## Exercise description
Across the whole listing, filter for the string "second" and copy every line that has it.

======== Input data

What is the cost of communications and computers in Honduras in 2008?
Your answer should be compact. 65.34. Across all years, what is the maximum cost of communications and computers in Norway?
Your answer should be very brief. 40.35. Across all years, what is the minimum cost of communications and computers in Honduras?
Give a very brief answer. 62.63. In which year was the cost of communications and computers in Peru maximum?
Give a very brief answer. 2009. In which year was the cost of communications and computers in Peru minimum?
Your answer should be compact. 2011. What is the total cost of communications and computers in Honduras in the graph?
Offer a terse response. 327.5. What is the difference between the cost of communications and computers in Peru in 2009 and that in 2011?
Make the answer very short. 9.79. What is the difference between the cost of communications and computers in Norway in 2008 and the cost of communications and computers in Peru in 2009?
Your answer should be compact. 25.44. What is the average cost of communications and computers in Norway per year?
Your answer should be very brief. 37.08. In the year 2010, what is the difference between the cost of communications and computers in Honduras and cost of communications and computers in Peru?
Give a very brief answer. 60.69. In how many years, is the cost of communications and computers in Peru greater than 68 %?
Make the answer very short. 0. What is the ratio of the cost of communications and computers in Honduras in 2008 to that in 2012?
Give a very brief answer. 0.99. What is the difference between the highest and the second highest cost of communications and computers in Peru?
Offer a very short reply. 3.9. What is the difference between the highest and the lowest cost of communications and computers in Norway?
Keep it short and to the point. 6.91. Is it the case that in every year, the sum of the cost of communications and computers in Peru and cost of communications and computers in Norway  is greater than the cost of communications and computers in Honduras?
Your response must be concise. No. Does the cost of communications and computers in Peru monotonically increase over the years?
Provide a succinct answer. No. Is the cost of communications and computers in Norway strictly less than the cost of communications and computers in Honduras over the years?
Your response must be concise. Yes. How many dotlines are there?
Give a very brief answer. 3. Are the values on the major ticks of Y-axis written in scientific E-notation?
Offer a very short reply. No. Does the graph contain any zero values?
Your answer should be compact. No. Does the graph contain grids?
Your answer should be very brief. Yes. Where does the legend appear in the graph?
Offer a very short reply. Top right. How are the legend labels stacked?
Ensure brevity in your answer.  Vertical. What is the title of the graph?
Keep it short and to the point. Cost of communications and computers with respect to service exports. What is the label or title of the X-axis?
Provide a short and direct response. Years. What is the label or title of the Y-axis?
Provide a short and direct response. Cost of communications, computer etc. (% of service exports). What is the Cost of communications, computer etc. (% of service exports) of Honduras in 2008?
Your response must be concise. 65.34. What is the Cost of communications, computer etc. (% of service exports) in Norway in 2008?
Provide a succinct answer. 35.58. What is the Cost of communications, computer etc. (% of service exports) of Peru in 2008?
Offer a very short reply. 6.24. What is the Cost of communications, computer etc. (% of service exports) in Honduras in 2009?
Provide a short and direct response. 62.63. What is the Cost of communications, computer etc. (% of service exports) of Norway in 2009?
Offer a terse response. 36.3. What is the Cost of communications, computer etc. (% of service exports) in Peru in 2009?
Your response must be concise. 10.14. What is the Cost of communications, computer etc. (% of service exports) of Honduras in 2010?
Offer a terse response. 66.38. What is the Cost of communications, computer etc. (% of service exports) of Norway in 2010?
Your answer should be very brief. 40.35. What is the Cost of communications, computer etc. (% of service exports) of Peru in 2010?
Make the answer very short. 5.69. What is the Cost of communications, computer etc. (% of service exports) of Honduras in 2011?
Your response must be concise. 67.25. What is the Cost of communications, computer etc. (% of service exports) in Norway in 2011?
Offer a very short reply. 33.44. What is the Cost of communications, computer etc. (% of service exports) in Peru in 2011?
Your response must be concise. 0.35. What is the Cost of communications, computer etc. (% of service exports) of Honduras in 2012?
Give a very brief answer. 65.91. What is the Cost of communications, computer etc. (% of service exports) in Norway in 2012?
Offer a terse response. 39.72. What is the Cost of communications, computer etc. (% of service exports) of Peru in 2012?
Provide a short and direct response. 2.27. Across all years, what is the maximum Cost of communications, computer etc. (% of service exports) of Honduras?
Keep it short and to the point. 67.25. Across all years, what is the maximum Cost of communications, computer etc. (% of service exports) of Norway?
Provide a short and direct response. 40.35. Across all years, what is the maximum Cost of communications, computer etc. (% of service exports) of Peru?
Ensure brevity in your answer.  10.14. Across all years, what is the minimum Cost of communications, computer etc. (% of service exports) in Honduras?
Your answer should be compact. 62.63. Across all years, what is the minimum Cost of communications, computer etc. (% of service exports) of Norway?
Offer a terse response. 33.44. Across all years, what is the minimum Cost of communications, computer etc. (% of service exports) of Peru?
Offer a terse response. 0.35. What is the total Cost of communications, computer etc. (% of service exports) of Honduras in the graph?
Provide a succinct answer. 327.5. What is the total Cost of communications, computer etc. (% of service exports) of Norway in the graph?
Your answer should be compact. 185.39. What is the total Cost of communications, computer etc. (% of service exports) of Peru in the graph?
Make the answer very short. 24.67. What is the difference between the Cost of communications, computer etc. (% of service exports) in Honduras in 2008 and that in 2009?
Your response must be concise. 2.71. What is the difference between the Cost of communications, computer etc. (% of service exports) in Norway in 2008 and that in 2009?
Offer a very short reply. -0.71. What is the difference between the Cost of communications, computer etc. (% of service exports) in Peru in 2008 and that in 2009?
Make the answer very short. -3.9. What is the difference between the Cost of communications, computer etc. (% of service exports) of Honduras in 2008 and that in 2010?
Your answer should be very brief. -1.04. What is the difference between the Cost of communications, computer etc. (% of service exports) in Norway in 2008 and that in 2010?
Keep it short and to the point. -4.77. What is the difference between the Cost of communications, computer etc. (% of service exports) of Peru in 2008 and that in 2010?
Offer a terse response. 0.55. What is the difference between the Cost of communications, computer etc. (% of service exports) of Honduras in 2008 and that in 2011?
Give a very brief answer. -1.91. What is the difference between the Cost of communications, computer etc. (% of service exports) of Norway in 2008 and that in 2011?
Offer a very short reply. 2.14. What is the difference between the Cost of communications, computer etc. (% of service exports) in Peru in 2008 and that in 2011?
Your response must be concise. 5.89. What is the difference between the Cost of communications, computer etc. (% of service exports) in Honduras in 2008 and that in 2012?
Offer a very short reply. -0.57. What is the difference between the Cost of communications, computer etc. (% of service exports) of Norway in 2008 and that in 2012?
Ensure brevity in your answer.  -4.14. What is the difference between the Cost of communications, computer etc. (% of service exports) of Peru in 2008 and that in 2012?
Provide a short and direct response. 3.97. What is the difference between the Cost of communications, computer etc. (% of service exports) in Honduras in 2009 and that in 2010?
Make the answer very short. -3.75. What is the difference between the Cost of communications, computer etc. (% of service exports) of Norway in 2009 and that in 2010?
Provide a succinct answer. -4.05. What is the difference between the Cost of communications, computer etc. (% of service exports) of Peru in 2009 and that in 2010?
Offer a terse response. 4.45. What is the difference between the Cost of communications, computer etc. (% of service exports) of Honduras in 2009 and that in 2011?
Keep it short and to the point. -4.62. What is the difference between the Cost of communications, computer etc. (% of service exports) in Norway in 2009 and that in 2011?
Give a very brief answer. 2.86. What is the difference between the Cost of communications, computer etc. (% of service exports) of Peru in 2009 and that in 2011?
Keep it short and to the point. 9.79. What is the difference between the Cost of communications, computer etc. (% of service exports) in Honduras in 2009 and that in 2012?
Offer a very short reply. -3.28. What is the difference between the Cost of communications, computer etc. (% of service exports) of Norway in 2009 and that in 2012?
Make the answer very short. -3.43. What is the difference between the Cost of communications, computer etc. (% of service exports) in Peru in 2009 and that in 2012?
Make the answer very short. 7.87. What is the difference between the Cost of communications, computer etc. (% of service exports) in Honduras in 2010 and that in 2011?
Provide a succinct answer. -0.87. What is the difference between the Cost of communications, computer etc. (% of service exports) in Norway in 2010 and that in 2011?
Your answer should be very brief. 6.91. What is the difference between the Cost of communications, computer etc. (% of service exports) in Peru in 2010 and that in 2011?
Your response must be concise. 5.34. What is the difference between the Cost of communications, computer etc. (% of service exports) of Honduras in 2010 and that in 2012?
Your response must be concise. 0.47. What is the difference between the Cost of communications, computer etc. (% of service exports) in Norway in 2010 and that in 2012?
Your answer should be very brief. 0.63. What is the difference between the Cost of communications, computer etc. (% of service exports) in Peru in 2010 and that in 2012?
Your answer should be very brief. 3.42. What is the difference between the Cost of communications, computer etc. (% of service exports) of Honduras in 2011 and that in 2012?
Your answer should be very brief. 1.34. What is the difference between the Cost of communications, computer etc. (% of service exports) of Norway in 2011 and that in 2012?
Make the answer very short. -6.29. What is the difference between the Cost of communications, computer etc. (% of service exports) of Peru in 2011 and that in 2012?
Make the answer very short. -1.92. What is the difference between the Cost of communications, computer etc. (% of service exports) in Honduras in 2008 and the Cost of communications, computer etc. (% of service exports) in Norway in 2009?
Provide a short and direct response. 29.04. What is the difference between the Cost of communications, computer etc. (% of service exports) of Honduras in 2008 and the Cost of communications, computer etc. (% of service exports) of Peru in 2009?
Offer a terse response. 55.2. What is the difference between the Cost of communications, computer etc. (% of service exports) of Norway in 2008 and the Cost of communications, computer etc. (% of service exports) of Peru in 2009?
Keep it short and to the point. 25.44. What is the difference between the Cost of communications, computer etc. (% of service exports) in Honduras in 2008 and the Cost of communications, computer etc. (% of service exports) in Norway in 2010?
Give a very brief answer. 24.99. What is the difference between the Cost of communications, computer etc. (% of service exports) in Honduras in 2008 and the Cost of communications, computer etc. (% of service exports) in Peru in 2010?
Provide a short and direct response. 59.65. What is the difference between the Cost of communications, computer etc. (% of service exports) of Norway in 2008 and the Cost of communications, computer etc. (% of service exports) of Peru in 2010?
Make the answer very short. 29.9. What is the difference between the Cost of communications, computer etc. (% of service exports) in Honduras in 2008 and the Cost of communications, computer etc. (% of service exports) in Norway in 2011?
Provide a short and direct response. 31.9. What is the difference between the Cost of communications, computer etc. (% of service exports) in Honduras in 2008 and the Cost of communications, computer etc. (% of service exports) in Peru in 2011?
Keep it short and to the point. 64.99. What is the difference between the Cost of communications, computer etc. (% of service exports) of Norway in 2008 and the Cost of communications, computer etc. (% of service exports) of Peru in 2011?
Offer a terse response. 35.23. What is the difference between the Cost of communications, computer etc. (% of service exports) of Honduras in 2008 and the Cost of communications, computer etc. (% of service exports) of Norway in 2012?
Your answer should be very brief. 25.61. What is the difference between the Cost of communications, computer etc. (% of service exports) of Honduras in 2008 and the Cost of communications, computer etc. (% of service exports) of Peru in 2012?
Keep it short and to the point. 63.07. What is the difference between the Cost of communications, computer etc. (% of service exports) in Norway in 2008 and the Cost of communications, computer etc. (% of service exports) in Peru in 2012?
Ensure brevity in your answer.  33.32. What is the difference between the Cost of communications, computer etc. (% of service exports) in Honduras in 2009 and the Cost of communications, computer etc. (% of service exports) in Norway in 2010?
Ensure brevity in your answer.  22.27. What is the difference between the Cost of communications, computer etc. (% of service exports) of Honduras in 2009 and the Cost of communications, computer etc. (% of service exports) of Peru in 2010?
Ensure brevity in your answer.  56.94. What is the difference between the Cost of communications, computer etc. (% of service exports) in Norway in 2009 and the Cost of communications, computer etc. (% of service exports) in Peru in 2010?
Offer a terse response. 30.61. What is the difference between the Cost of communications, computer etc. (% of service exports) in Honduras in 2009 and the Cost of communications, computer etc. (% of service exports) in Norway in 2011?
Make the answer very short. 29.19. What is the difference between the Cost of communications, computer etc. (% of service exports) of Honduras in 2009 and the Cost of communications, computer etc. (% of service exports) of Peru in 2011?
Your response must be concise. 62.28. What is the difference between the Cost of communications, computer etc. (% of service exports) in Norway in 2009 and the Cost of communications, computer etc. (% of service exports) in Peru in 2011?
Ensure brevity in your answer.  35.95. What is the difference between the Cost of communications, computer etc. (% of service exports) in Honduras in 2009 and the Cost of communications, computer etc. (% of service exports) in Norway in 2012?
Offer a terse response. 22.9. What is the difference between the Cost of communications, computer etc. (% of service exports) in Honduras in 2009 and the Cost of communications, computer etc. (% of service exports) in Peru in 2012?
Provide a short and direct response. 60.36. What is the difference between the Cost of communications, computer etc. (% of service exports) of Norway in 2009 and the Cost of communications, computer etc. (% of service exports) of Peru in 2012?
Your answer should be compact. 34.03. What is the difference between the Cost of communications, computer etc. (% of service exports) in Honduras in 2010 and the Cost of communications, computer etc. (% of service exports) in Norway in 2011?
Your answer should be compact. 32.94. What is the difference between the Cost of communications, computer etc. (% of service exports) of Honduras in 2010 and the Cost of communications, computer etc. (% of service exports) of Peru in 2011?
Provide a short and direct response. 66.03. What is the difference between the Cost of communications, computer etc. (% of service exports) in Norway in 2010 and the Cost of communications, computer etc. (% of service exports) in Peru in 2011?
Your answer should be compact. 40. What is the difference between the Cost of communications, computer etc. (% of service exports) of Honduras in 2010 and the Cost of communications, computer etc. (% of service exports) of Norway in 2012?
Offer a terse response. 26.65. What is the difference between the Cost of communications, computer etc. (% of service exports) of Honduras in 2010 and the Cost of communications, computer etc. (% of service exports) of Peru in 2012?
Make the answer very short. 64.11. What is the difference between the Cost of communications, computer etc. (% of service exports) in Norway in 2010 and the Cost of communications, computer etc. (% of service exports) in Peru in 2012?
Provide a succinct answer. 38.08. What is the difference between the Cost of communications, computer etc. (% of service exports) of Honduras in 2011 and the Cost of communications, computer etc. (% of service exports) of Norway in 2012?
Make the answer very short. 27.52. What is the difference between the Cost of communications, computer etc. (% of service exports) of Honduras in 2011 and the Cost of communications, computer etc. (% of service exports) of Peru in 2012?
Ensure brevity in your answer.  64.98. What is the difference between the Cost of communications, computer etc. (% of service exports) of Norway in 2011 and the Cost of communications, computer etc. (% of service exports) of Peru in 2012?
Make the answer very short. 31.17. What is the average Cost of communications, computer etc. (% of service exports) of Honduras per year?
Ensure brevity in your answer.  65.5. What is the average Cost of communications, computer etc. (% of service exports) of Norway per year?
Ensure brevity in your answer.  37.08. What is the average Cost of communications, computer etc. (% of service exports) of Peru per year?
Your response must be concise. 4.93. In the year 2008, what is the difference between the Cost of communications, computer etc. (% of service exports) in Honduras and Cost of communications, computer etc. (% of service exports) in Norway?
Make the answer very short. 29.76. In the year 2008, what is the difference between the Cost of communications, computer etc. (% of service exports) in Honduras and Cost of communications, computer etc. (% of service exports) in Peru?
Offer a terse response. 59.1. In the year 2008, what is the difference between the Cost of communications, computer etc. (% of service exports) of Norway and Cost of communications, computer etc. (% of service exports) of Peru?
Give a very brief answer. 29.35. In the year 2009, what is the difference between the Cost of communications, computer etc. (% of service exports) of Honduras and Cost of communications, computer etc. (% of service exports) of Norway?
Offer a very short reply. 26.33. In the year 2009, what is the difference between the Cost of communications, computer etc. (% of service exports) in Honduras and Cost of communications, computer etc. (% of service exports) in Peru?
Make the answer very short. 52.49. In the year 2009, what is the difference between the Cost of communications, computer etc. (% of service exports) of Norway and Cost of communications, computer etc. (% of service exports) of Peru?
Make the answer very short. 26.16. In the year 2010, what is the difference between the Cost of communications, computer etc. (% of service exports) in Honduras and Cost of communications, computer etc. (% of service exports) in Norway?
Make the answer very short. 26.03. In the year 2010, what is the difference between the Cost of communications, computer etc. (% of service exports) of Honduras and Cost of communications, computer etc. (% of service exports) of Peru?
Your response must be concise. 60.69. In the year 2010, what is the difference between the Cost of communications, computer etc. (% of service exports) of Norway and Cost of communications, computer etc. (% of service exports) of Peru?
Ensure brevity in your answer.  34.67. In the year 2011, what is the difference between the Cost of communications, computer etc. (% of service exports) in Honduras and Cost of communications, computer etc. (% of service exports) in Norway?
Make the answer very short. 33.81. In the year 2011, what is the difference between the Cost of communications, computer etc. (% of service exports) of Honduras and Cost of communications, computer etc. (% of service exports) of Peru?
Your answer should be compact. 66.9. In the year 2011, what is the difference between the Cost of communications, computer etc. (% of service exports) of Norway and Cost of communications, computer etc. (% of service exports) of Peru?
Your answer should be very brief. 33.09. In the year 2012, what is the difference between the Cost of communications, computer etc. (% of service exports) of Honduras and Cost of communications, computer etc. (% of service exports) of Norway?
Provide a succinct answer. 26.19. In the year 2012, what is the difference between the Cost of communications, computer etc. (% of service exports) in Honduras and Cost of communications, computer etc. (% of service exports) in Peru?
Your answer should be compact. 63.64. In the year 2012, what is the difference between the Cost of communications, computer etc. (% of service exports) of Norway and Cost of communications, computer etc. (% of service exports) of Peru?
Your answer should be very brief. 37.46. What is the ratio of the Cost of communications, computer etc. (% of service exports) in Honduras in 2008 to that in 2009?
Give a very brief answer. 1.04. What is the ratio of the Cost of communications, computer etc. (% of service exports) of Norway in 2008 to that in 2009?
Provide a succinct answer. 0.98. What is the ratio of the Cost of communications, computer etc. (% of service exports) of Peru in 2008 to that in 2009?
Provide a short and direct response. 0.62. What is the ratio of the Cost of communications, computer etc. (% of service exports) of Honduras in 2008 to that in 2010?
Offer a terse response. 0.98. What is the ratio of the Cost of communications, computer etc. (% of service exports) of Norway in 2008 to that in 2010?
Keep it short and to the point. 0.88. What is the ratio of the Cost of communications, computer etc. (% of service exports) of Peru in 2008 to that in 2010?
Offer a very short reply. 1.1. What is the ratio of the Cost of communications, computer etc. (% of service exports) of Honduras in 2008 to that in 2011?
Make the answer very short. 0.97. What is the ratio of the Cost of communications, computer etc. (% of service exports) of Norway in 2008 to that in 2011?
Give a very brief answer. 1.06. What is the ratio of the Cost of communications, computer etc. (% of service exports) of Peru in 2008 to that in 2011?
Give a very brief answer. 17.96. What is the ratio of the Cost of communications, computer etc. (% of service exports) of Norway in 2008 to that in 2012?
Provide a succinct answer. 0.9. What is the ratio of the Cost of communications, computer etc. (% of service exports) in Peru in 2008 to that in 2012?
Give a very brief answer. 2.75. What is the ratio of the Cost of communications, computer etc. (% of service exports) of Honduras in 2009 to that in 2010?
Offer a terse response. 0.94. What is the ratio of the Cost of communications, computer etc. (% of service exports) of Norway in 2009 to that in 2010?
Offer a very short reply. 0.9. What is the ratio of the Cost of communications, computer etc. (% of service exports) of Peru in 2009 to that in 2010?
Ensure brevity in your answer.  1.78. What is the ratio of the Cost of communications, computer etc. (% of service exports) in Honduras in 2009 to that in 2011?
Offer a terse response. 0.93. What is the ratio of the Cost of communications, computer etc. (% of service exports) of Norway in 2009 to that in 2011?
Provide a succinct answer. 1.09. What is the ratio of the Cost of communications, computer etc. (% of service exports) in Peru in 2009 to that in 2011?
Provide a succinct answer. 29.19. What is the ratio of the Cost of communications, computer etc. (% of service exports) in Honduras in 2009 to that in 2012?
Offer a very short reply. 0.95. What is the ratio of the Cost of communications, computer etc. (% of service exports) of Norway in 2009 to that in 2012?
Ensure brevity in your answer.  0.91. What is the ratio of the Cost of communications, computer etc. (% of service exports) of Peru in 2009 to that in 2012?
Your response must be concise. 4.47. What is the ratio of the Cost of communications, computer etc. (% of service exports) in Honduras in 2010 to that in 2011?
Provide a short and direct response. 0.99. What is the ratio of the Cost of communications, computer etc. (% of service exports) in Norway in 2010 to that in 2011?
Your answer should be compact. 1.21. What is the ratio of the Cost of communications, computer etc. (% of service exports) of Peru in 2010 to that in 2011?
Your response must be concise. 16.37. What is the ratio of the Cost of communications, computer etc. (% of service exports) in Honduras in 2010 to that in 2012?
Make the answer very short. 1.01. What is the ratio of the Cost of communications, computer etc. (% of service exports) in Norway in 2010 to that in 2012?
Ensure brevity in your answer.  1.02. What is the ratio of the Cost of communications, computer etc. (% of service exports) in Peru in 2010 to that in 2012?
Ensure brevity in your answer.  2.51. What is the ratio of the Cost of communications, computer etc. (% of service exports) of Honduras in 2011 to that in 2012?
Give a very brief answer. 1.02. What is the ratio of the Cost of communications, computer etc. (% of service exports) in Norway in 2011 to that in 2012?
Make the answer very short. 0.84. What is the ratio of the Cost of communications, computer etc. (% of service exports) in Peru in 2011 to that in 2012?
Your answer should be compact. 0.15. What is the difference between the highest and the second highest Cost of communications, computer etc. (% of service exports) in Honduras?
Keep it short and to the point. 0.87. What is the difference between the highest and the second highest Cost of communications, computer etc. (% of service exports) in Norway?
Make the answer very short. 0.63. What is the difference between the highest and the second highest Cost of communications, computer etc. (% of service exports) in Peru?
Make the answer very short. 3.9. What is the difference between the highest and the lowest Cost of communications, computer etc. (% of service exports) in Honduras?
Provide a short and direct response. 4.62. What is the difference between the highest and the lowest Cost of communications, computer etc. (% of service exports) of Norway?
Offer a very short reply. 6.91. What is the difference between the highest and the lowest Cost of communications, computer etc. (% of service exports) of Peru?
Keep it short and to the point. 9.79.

================

## Your response
Give a very brief answer. 0.99. What is the difference between the highest and the second highest cost of communications and computers in Peru?
Your answer should be compact. 0.15. What is the difference between the highest and the second highest Cost of communications, computer etc. (% of service exports) in Honduras?
Keep it short and to the point. 0.87. What is the difference between the highest and the second highest Cost of communications, computer etc. (% of service exports) in Norway?
Make the answer very short. 0.63. What is the difference between the highest and the second highest Cost of communications, computer etc. (% of service exports) in Peru?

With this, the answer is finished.